Well well, the Java guys are going to make some mods

December 9, 2002 10:48:16.887

Lamba the Ultimate reports that there's a JSR for adding some stuff to Java. See the post here. Here's an extract:

Sun has recently posted a list of new proposed features for Java 1.5. These include:
  1. A syntax for defining enumerated types. This syntax provides linguistic support for the Typesafe Enumeration pattern.
  2. An automatic conversion from primitive types to their corresponding reference type wrappers. This conversion facilitates the integration of generics into the language, and reduces inessential clutter.
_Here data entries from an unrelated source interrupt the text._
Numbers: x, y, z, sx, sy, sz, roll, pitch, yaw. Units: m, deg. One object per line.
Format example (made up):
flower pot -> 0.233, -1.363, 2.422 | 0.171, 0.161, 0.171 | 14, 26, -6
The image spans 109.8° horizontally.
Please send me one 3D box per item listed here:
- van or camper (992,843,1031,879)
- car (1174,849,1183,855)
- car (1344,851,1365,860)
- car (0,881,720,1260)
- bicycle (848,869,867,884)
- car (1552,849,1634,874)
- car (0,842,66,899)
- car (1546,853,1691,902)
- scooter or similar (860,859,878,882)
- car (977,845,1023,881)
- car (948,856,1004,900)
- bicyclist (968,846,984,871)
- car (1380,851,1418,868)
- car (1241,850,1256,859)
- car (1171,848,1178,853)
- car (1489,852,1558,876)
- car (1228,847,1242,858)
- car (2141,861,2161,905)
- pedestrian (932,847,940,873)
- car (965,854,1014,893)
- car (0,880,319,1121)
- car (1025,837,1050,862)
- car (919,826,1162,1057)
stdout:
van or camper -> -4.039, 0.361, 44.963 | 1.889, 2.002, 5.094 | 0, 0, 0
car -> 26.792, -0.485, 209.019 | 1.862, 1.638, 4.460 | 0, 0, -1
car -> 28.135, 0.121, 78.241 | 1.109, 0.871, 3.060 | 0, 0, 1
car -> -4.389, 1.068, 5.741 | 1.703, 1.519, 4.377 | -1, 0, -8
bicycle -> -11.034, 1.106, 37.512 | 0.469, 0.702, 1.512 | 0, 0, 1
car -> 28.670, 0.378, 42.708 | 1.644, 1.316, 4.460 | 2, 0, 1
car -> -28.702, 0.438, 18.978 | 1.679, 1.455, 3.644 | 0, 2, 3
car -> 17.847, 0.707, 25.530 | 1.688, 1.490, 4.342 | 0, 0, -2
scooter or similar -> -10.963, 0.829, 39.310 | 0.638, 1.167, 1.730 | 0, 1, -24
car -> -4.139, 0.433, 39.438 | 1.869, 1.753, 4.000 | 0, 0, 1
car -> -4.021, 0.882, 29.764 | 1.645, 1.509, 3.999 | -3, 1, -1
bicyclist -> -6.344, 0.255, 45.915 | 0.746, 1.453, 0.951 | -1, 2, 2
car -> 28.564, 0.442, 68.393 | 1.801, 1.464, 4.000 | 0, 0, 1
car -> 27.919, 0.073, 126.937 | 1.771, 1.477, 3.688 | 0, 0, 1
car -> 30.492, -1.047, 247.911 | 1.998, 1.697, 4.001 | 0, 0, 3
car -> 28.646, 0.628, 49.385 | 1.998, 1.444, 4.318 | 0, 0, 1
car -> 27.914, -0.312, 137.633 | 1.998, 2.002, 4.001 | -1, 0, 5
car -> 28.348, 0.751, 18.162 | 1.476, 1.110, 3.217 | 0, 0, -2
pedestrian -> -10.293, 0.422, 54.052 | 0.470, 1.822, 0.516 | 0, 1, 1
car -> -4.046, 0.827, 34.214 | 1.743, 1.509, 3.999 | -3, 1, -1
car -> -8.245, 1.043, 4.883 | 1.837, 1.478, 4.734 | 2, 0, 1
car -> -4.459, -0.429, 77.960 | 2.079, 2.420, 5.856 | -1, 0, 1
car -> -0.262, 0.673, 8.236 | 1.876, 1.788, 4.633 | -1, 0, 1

  3. Enhanced for loops allow convenient iteration over collections, without the need for an explicitly defined iterator. This reduces the need for boilerplate iteration code and the corresponding opportunities for errors.
  4. Static import. A mechanism to allow the use of unqualified constants.
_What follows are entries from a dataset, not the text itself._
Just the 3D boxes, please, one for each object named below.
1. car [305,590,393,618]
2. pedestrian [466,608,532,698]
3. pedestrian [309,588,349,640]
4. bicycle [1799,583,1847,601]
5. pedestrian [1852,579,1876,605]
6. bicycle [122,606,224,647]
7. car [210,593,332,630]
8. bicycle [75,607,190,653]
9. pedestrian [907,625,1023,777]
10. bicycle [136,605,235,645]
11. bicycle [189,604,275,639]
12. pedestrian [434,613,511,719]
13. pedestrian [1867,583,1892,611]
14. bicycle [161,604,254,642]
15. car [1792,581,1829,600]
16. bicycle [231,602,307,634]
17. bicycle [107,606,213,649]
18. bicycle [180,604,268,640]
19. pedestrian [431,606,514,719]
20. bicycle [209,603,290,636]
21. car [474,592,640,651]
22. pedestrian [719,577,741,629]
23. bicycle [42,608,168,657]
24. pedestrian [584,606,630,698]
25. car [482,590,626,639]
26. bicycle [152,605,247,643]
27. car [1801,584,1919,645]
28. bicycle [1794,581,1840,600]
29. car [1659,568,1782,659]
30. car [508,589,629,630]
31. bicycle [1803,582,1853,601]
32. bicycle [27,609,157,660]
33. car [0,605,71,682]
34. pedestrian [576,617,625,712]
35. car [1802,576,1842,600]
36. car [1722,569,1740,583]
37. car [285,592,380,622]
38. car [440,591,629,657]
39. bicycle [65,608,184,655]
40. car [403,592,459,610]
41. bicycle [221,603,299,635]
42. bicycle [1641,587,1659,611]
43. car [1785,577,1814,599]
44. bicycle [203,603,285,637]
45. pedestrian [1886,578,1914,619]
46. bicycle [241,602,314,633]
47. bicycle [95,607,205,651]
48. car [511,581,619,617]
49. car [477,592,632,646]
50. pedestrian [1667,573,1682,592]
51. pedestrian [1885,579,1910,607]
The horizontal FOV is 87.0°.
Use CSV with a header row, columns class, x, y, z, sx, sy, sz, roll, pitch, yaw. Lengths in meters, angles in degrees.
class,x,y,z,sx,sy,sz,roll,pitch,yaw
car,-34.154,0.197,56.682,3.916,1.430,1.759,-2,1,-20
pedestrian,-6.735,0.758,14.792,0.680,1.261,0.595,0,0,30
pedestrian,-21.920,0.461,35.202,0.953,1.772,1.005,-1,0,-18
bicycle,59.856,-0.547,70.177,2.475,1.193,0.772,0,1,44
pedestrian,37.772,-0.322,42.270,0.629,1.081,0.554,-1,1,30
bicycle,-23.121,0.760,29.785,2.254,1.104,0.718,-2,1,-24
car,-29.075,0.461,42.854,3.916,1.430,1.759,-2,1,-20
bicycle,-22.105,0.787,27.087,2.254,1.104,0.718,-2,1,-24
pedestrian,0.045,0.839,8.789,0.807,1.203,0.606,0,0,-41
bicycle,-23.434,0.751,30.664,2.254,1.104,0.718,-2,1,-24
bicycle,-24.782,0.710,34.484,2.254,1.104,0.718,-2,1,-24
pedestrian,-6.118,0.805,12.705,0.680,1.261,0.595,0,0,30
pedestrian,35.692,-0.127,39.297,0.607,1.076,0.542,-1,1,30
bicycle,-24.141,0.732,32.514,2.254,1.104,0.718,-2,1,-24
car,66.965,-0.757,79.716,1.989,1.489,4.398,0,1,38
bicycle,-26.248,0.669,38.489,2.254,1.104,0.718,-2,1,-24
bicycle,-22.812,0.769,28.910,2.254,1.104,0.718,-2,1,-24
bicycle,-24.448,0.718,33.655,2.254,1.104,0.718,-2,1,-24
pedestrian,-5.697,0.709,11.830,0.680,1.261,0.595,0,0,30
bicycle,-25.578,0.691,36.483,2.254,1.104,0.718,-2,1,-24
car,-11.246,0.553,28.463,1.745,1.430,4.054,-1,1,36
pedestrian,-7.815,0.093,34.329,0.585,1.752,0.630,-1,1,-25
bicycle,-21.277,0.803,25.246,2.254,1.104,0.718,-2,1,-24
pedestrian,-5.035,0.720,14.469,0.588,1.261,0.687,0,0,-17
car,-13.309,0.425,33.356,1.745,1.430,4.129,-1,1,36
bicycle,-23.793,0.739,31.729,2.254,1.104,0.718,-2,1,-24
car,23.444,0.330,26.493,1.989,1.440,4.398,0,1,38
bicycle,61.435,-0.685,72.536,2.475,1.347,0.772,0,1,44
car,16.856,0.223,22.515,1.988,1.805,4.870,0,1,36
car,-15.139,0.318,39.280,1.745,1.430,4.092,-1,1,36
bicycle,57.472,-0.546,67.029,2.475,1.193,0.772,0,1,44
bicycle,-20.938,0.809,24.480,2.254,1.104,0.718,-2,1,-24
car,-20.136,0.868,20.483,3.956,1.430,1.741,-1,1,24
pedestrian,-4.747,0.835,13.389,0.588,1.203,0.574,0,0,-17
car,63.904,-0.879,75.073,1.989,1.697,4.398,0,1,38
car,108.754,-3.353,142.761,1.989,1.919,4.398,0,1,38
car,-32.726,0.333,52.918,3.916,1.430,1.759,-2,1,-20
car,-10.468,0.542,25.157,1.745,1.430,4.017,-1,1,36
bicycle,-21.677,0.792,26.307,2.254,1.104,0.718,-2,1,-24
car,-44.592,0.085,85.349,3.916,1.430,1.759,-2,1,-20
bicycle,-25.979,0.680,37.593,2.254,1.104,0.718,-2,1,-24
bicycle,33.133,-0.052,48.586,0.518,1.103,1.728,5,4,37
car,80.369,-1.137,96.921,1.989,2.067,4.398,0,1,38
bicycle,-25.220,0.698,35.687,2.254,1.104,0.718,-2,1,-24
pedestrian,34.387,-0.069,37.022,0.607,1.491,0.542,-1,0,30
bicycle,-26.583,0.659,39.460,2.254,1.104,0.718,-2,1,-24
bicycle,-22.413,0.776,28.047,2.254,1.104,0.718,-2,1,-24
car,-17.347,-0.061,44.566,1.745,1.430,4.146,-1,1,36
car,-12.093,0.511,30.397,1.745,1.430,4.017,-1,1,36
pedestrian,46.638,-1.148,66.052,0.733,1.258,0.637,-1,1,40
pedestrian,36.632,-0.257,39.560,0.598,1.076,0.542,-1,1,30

Useful links: The JSR document describing these proposals in more detail and the discussion on The Server Side. It's interesting to note how these changes are mostly cosmetic alterations to syntax rather than deeper semantic changes such as adding blocks. There's an interesting wiki page I started a while back that offers some interesting proposals that would really shake up Java.
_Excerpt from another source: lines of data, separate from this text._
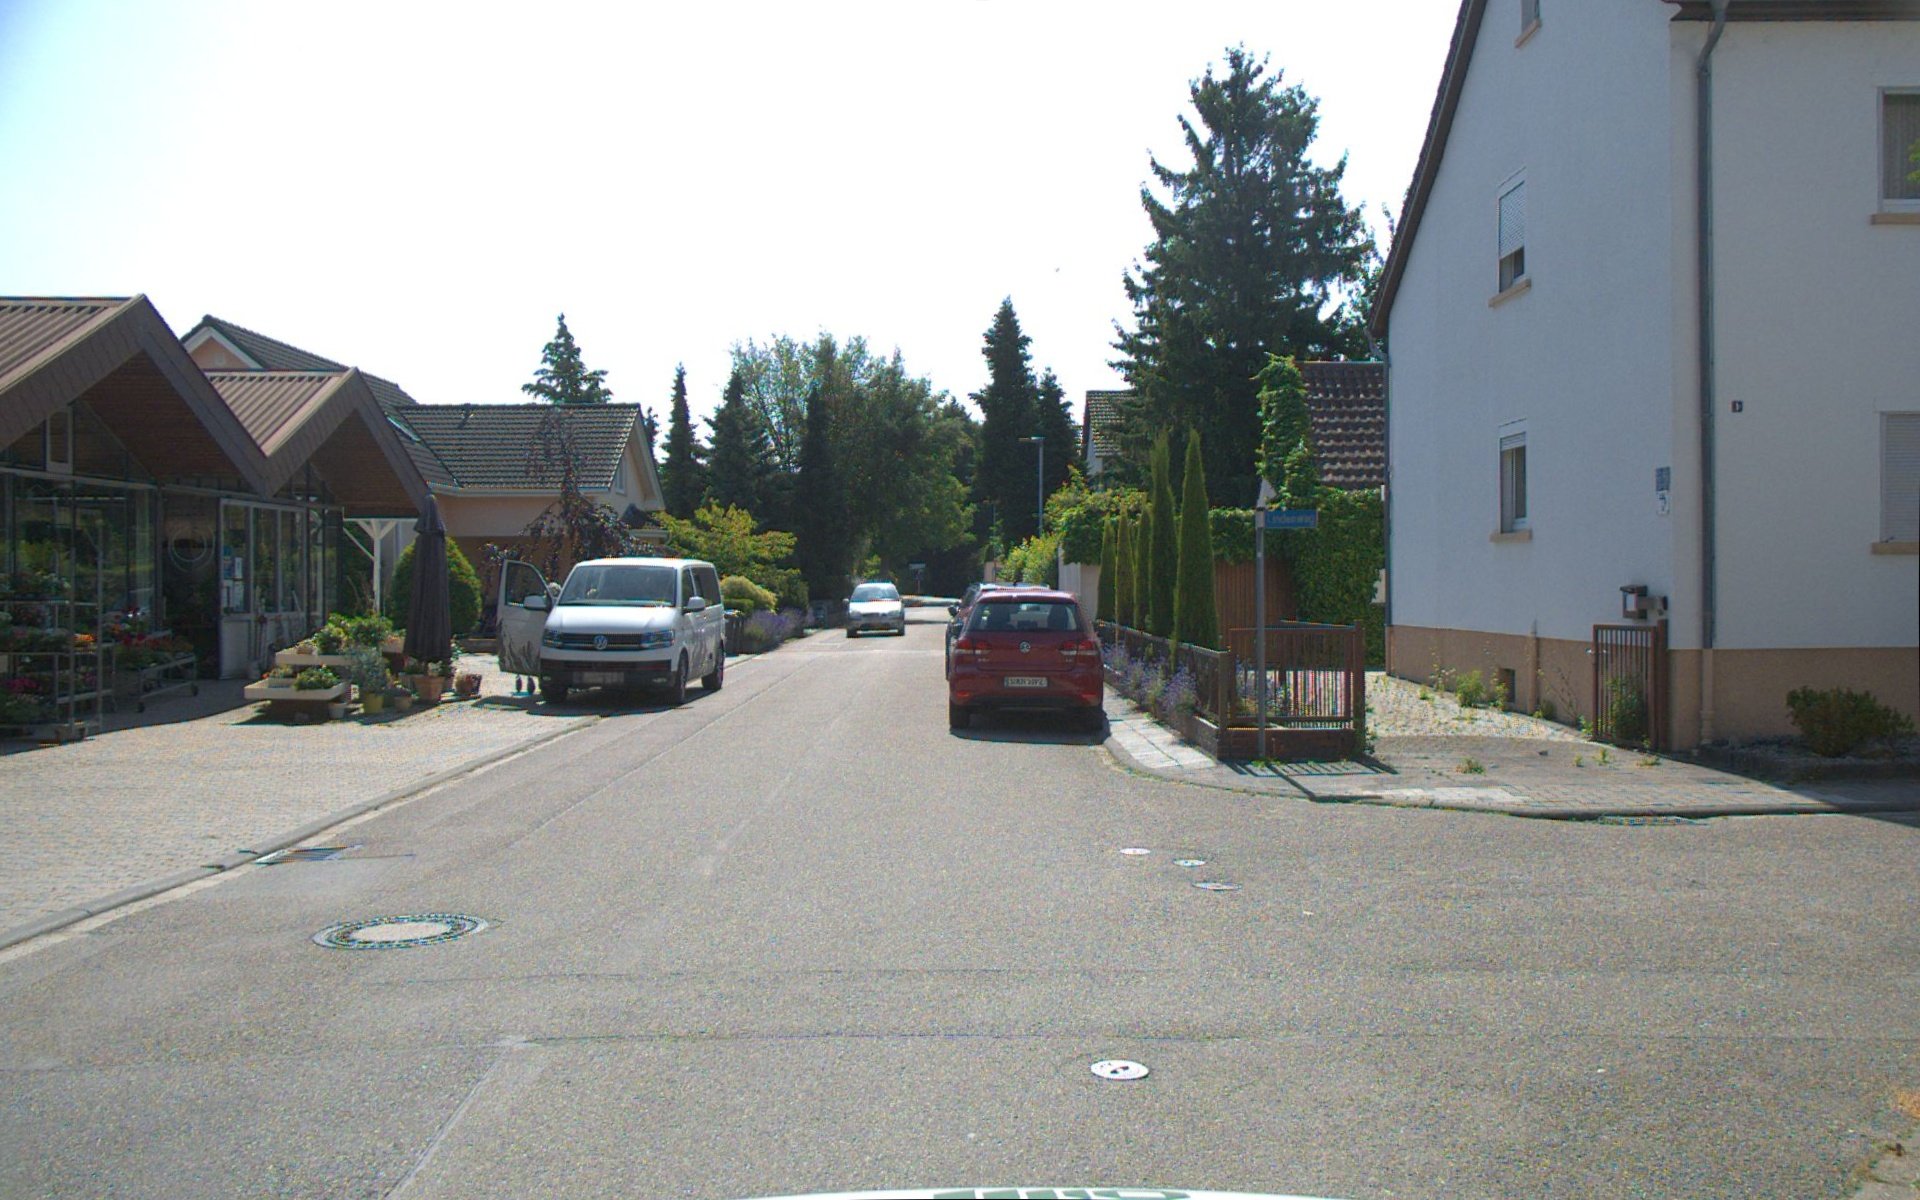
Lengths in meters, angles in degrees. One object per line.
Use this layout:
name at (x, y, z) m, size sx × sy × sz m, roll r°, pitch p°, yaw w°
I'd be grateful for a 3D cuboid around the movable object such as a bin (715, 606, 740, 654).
movable object such as a bin at (-5.172, 0.668, 36.769) m, size 0.484 × 1.042 × 0.447 m, roll -1°, pitch 0°, yaw 0°

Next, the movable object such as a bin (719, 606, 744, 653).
movable object such as a bin at (-5.146, 0.670, 37.278) m, size 0.484 × 1.042 × 0.447 m, roll -1°, pitch 0°, yaw 0°

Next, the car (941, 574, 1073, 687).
car at (0.664, 0.428, 26.173) m, size 1.786 × 1.643 × 3.998 m, roll 0°, pitch 0°, yaw -3°

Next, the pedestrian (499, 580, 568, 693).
pedestrian at (-6.040, 0.501, 23.433) m, size 0.704 × 1.565 × 0.640 m, roll 1°, pitch 1°, yaw 33°

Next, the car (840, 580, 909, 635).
car at (-2.465, 0.201, 48.547) m, size 1.716 × 1.513 × 4.376 m, roll -1°, pitch 0°, yaw 1°

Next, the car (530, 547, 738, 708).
car at (-4.511, 0.337, 23.666) m, size 1.889 × 2.049 × 4.897 m, roll 0°, pitch 0°, yaw 1°

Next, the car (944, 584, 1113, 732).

It's as if the Sun guys almost get it, but not quite... Closures? Nahh, that would be useful, can't have that for the unwashed masses, can we? The Wiki Ref above actually makes some interesting proposals; on the other hand, people wanting such things could just use Smalltalk and be productive now. Can't have that either, I suppose; gotta follow the herd wherever it goes. At this pace, Java might conceivably be as usable as Smalltalk in about, oh, maybe 20-30 years. In th emeantime, the suckage continues....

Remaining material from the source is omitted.